Exercise brief: Beginning with the first line below, output every record verbatim and leave out the images.

[Records from a data collection]
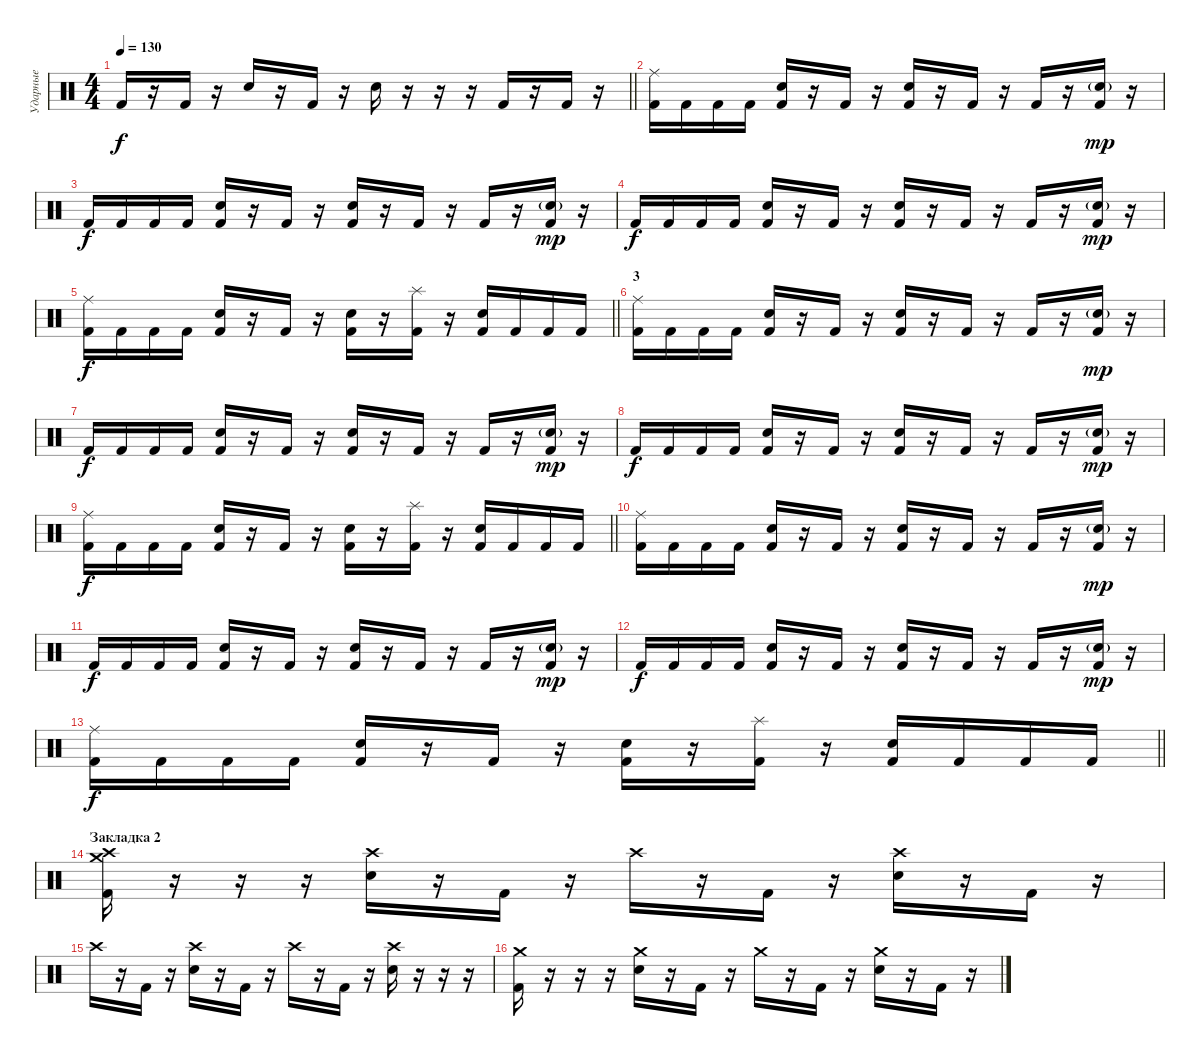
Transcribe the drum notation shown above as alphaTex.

\track ("Ударные" "Ударные") {instrument percussion}
\staff {score}
\articulation defaults
\ts (4 4)
\tempo 130
\clef neutral
\barLineRight lightlight
\ks c "Kick (hit) 2".16{dy f}
r.16 "Kick (hit) 2".16 r.16 "Snare (hit) 2".16 r.16 "Kick (hit) 2".16 r.16 "Snare (hit) 2".16 r.16 r.16 r.16 "Kick (hit) 2".16 r.16 "Kick (hit) 2".16 r.16 |
("Ride (middle)" "Kick (hit) 2").16 "Kick (hit) 2".16 "Kick (hit) 2".16 "Kick (hit) 2".16 ("Snare (hit) 2" "Kick (hit) 2").16 r.16 "Kick (hit) 2".16 r.16 ("Snare (hit) 2" "Kick (hit) 2").16 r.16 "Kick (hit) 2".16 r.16 "Kick (hit) 2".16 r.16 ("Snare (hit) 2"{g} "Kick (hit) 2").16{dy mp} r.16 |
"Kick (hit) 2".16{dy f} "Kick (hit) 2".16 "Kick (hit) 2".16 "Kick (hit) 2".16 ("Snare (hit) 2" "Kick (hit) 2").16 r.16 "Kick (hit) 2".16 r.16 ("Snare (hit) 2" "Kick (hit) 2").16 r.16 "Kick (hit) 2".16 r.16 "Kick (hit) 2".16 r.16 ("Snare (hit) 2"{g} "Kick (hit) 2").16{dy mp} r.16 |
"Kick (hit) 2".16{dy f} "Kick (hit) 2".16 "Kick (hit) 2".16 "Kick (hit) 2".16 ("Snare (hit) 2" "Kick (hit) 2").16 r.16 "Kick (hit) 2".16 r.16 ("Snare (hit) 2" "Kick (hit) 2").16 r.16 "Kick (hit) 2".16 r.16 "Kick (hit) 2".16 r.16 ("Snare (hit) 2"{g} "Kick (hit) 2").16{dy mp} r.16 |
\barLineRight lightlight
("Ride (middle)" "Kick (hit) 2").16{dy f} "Kick (hit) 2".16 "Kick (hit) 2".16 "Kick (hit) 2".16 ("Snare (hit) 2" "Kick (hit) 2").16 r.16 "Kick (hit) 2".16 r.16 ("Snare (hit) 2" "Kick (hit) 2").16 r.16 ("Splash (hit)" "Kick (hit) 2").16 r.16 ("Snare (hit) 2" "Kick (hit) 2").16 "Kick (hit) 2".16 "Kick (hit) 2".16 "Kick (hit) 2".16 |
\section ("" "3")
("Ride (middle)" "Kick (hit) 2").16 "Kick (hit) 2".16 "Kick (hit) 2".16 "Kick (hit) 2".16 ("Snare (hit) 2" "Kick (hit) 2").16 r.16 "Kick (hit) 2".16 r.16 ("Snare (hit) 2" "Kick (hit) 2").16 r.16 "Kick (hit) 2".16 r.16 "Kick (hit) 2".16 r.16 ("Snare (hit) 2"{g} "Kick (hit) 2").16{dy mp} r.16 |
"Kick (hit) 2".16{dy f} "Kick (hit) 2".16 "Kick (hit) 2".16 "Kick (hit) 2".16 ("Snare (hit) 2" "Kick (hit) 2").16 r.16 "Kick (hit) 2".16 r.16 ("Snare (hit) 2" "Kick (hit) 2").16 r.16 "Kick (hit) 2".16 r.16 "Kick (hit) 2".16 r.16 ("Snare (hit) 2"{g} "Kick (hit) 2").16{dy mp} r.16 |
"Kick (hit) 2".16{dy f} "Kick (hit) 2".16 "Kick (hit) 2".16 "Kick (hit) 2".16 ("Snare (hit) 2" "Kick (hit) 2").16 r.16 "Kick (hit) 2".16 r.16 ("Snare (hit) 2" "Kick (hit) 2").16 r.16 "Kick (hit) 2".16 r.16 "Kick (hit) 2".16 r.16 ("Snare (hit) 2"{g} "Kick (hit) 2").16{dy mp} r.16 |
\barLineRight lightlight
("Ride (middle)" "Kick (hit) 2").16{dy f} "Kick (hit) 2".16 "Kick (hit) 2".16 "Kick (hit) 2".16 ("Snare (hit) 2" "Kick (hit) 2").16 r.16 "Kick (hit) 2".16 r.16 ("Snare (hit) 2" "Kick (hit) 2").16 r.16 ("Splash (hit)" "Kick (hit) 2").16 r.16 ("Snare (hit) 2" "Kick (hit) 2").16 "Kick (hit) 2".16 "Kick (hit) 2".16 "Kick (hit) 2".16 |
("Ride (middle)" "Kick (hit) 2").16 "Kick (hit) 2".16 "Kick (hit) 2".16 "Kick (hit) 2".16 ("Snare (hit) 2" "Kick (hit) 2").16 r.16 "Kick (hit) 2".16 r.16 ("Snare (hit) 2" "Kick (hit) 2").16 r.16 "Kick (hit) 2".16 r.16 "Kick (hit) 2".16 r.16 ("Snare (hit) 2"{g} "Kick (hit) 2").16{dy mp} r.16 |
"Kick (hit) 2".16{dy f} "Kick (hit) 2".16 "Kick (hit) 2".16 "Kick (hit) 2".16 ("Snare (hit) 2" "Kick (hit) 2").16 r.16 "Kick (hit) 2".16 r.16 ("Snare (hit) 2" "Kick (hit) 2").16 r.16 "Kick (hit) 2".16 r.16 "Kick (hit) 2".16 r.16 ("Snare (hit) 2"{g} "Kick (hit) 2").16{dy mp} r.16 |
"Kick (hit) 2".16{dy f} "Kick (hit) 2".16 "Kick (hit) 2".16 "Kick (hit) 2".16 ("Snare (hit) 2" "Kick (hit) 2").16 r.16 "Kick (hit) 2".16 r.16 ("Snare (hit) 2" "Kick (hit) 2").16 r.16 "Kick (hit) 2".16 r.16 "Kick (hit) 2".16 r.16 ("Snare (hit) 2"{g} "Kick (hit) 2").16{dy mp} r.16 |
\barLineRight lightlight
("Ride (middle)" "Kick (hit) 2").16{dy f} "Kick (hit) 2".16 "Kick (hit) 2".16 "Kick (hit) 2".16 ("Snare (hit) 2" "Kick (hit) 2").16 r.16 "Kick (hit) 2".16 r.16 ("Snare (hit) 2" "Kick (hit) 2").16 r.16 ("Splash (hit)" "Kick (hit) 2").16 r.16 ("Snare (hit) 2" "Kick (hit) 2").16 "Kick (hit) 2".16 "Kick (hit) 2".16 "Kick (hit) 2".16 |
\section ("" "Закладка 2")
("Crash high (hit)" "Crash medium (hit)" "Kick (hit) 2").16 r.16 r.16 r.16 ("Crash high (hit)" "Snare (hit) 2").16 r.16 "Kick (hit) 2".16 r.16 "Crash high (hit)".16 r.16 "Kick (hit) 2".16 r.16 ("Crash high (hit)" "Snare (hit) 2").16 r.16 "Kick (hit) 2".16 r.16 |
"Crash high (hit)".16 r.16 "Kick (hit) 2".16 r.16 ("Crash high (hit)" "Snare (hit) 2").16 r.16 "Kick (hit) 2".16 r.16 "Crash high (hit)".16 r.16 "Kick (hit) 2".16 r.16 ("Crash high (hit)" "Snare (hit) 2").16 r.16 r.16 r.16 |
("Crash medium (hit)" "Kick (hit) 2").16 r.16 r.16 r.16 ("Crash medium (hit)" "Snare (hit) 2").16 r.16 "Kick (hit) 2".16 r.16 "Crash medium (hit)".16 r.16 "Kick (hit) 2".16 r.16 ("Crash medium (hit)" "Snare (hit) 2").16 r.16 "Kick (hit) 2".16 r.16

Answer to the problem:
Transcribe the drum notation shown above as alphaTex.

\track ("Ударные" "Ударные") {instrument percussion}
\staff {score}
\articulation defaults
\ts (4 4)
\tempo 130
\clef neutral
\barLineRight lightlight
\ks c "Kick (hit) 2".16{dy f}
r.16 "Kick (hit) 2".16 r.16 "Snare (hit) 2".16 r.16 "Kick (hit) 2".16 r.16 "Snare (hit) 2".16 r.16 r.16 r.16 "Kick (hit) 2".16 r.16 "Kick (hit) 2".16 r.16 |
("Ride (middle)" "Kick (hit) 2").16 "Kick (hit) 2".16 "Kick (hit) 2".16 "Kick (hit) 2".16 ("Snare (hit) 2" "Kick (hit) 2").16 r.16 "Kick (hit) 2".16 r.16 ("Snare (hit) 2" "Kick (hit) 2").16 r.16 "Kick (hit) 2".16 r.16 "Kick (hit) 2".16 r.16 ("Snare (hit) 2"{g} "Kick (hit) 2").16{dy mp} r.16 |
"Kick (hit) 2".16{dy f} "Kick (hit) 2".16 "Kick (hit) 2".16 "Kick (hit) 2".16 ("Snare (hit) 2" "Kick (hit) 2").16 r.16 "Kick (hit) 2".16 r.16 ("Snare (hit) 2" "Kick (hit) 2").16 r.16 "Kick (hit) 2".16 r.16 "Kick (hit) 2".16 r.16 ("Snare (hit) 2"{g} "Kick (hit) 2").16{dy mp} r.16 |
"Kick (hit) 2".16{dy f} "Kick (hit) 2".16 "Kick (hit) 2".16 "Kick (hit) 2".16 ("Snare (hit) 2" "Kick (hit) 2").16 r.16 "Kick (hit) 2".16 r.16 ("Snare (hit) 2" "Kick (hit) 2").16 r.16 "Kick (hit) 2".16 r.16 "Kick (hit) 2".16 r.16 ("Snare (hit) 2"{g} "Kick (hit) 2").16{dy mp} r.16 |
\barLineRight lightlight
("Ride (middle)" "Kick (hit) 2").16{dy f} "Kick (hit) 2".16 "Kick (hit) 2".16 "Kick (hit) 2".16 ("Snare (hit) 2" "Kick (hit) 2").16 r.16 "Kick (hit) 2".16 r.16 ("Snare (hit) 2" "Kick (hit) 2").16 r.16 ("Splash (hit)" "Kick (hit) 2").16 r.16 ("Snare (hit) 2" "Kick (hit) 2").16 "Kick (hit) 2".16 "Kick (hit) 2".16 "Kick (hit) 2".16 |
\section ("" "3")
("Ride (middle)" "Kick (hit) 2").16 "Kick (hit) 2".16 "Kick (hit) 2".16 "Kick (hit) 2".16 ("Snare (hit) 2" "Kick (hit) 2").16 r.16 "Kick (hit) 2".16 r.16 ("Snare (hit) 2" "Kick (hit) 2").16 r.16 "Kick (hit) 2".16 r.16 "Kick (hit) 2".16 r.16 ("Snare (hit) 2"{g} "Kick (hit) 2").16{dy mp} r.16 |
"Kick (hit) 2".16{dy f} "Kick (hit) 2".16 "Kick (hit) 2".16 "Kick (hit) 2".16 ("Snare (hit) 2" "Kick (hit) 2").16 r.16 "Kick (hit) 2".16 r.16 ("Snare (hit) 2" "Kick (hit) 2").16 r.16 "Kick (hit) 2".16 r.16 "Kick (hit) 2".16 r.16 ("Snare (hit) 2"{g} "Kick (hit) 2").16{dy mp} r.16 |
"Kick (hit) 2".16{dy f} "Kick (hit) 2".16 "Kick (hit) 2".16 "Kick (hit) 2".16 ("Snare (hit) 2" "Kick (hit) 2").16 r.16 "Kick (hit) 2".16 r.16 ("Snare (hit) 2" "Kick (hit) 2").16 r.16 "Kick (hit) 2".16 r.16 "Kick (hit) 2".16 r.16 ("Snare (hit) 2"{g} "Kick (hit) 2").16{dy mp} r.16 |
\barLineRight lightlight
("Ride (middle)" "Kick (hit) 2").16{dy f} "Kick (hit) 2".16 "Kick (hit) 2".16 "Kick (hit) 2".16 ("Snare (hit) 2" "Kick (hit) 2").16 r.16 "Kick (hit) 2".16 r.16 ("Snare (hit) 2" "Kick (hit) 2").16 r.16 ("Splash (hit)" "Kick (hit) 2").16 r.16 ("Snare (hit) 2" "Kick (hit) 2").16 "Kick (hit) 2".16 "Kick (hit) 2".16 "Kick (hit) 2".16 |
("Ride (middle)" "Kick (hit) 2").16 "Kick (hit) 2".16 "Kick (hit) 2".16 "Kick (hit) 2".16 ("Snare (hit) 2" "Kick (hit) 2").16 r.16 "Kick (hit) 2".16 r.16 ("Snare (hit) 2" "Kick (hit) 2").16 r.16 "Kick (hit) 2".16 r.16 "Kick (hit) 2".16 r.16 ("Snare (hit) 2"{g} "Kick (hit) 2").16{dy mp} r.16 |
"Kick (hit) 2".16{dy f} "Kick (hit) 2".16 "Kick (hit) 2".16 "Kick (hit) 2".16 ("Snare (hit) 2" "Kick (hit) 2").16 r.16 "Kick (hit) 2".16 r.16 ("Snare (hit) 2" "Kick (hit) 2").16 r.16 "Kick (hit) 2".16 r.16 "Kick (hit) 2".16 r.16 ("Snare (hit) 2"{g} "Kick (hit) 2").16{dy mp} r.16 |
"Kick (hit) 2".16{dy f} "Kick (hit) 2".16 "Kick (hit) 2".16 "Kick (hit) 2".16 ("Snare (hit) 2" "Kick (hit) 2").16 r.16 "Kick (hit) 2".16 r.16 ("Snare (hit) 2" "Kick (hit) 2").16 r.16 "Kick (hit) 2".16 r.16 "Kick (hit) 2".16 r.16 ("Snare (hit) 2"{g} "Kick (hit) 2").16{dy mp} r.16 |
\barLineRight lightlight
("Ride (middle)" "Kick (hit) 2").16{dy f} "Kick (hit) 2".16 "Kick (hit) 2".16 "Kick (hit) 2".16 ("Snare (hit) 2" "Kick (hit) 2").16 r.16 "Kick (hit) 2".16 r.16 ("Snare (hit) 2" "Kick (hit) 2").16 r.16 ("Splash (hit)" "Kick (hit) 2").16 r.16 ("Snare (hit) 2" "Kick (hit) 2").16 "Kick (hit) 2".16 "Kick (hit) 2".16 "Kick (hit) 2".16 |
\section ("" "Закладка 2")
("Crash high (hit)" "Crash medium (hit)" "Kick (hit) 2").16 r.16 r.16 r.16 ("Crash high (hit)" "Snare (hit) 2").16 r.16 "Kick (hit) 2".16 r.16 "Crash high (hit)".16 r.16 "Kick (hit) 2".16 r.16 ("Crash high (hit)" "Snare (hit) 2").16 r.16 "Kick (hit) 2".16 r.16 |
"Crash high (hit)".16 r.16 "Kick (hit) 2".16 r.16 ("Crash high (hit)" "Snare (hit) 2").16 r.16 "Kick (hit) 2".16 r.16 "Crash high (hit)".16 r.16 "Kick (hit) 2".16 r.16 ("Crash high (hit)" "Snare (hit) 2").16 r.16 r.16 r.16 |
("Crash medium (hit)" "Kick (hit) 2").16 r.16 r.16 r.16 ("Crash medium (hit)" "Snare (hit) 2").16 r.16 "Kick (hit) 2".16 r.16 "Crash medium (hit)".16 r.16 "Kick (hit) 2".16 r.16 ("Crash medium (hit)" "Snare (hit) 2").16 r.16 "Kick (hit) 2".16 r.16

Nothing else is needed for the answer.